» **Activity**
Where the records below have a line with "object", that line is to be copied.

[Records drawn from a dataset]
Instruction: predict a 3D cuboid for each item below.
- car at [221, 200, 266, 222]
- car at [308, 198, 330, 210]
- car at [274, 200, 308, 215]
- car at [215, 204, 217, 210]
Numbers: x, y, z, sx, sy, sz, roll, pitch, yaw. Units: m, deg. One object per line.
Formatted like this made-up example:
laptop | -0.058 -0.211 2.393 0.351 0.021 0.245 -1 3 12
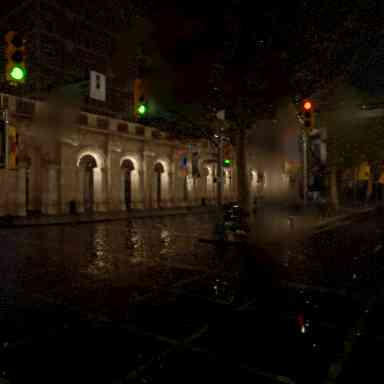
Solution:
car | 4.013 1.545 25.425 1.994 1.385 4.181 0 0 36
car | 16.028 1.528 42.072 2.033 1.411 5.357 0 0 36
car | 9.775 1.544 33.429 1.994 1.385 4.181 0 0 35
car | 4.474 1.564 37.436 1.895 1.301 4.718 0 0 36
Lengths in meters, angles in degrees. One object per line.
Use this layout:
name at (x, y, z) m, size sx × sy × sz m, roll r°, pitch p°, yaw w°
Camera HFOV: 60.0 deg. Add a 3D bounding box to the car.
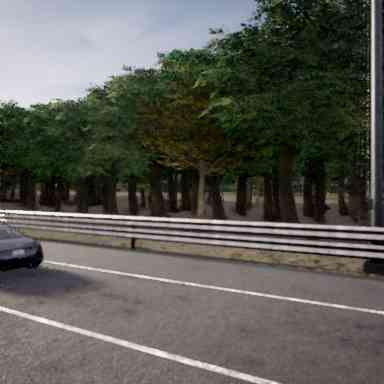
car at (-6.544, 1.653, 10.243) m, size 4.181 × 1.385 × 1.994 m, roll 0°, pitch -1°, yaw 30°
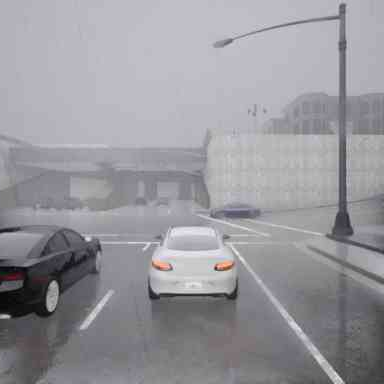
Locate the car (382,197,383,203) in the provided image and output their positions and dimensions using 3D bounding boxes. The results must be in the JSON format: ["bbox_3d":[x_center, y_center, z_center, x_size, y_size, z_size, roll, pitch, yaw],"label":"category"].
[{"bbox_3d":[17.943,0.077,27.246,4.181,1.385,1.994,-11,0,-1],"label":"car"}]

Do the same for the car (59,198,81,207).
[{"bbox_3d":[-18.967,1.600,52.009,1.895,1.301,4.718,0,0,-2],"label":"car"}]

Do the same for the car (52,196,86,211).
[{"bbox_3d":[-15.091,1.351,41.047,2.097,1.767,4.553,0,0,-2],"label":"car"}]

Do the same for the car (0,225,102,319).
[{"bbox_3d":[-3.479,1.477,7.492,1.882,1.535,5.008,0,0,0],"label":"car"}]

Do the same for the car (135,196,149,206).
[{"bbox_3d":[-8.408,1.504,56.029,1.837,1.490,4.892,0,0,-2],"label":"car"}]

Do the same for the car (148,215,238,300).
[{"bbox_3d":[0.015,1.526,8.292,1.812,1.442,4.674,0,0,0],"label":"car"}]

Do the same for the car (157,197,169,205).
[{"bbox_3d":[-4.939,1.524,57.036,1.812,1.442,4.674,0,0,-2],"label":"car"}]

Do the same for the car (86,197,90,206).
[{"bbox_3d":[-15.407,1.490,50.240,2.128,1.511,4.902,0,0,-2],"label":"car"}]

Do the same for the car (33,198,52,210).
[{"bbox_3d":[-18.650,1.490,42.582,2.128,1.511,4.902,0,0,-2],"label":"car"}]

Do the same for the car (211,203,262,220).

» **Answer**
Numbers: x, y, z, sx, sy, sz, roll, pitch, yaw. Units: m, deg. One object per line.
Lengths in meters, angles in degrees. One object per line.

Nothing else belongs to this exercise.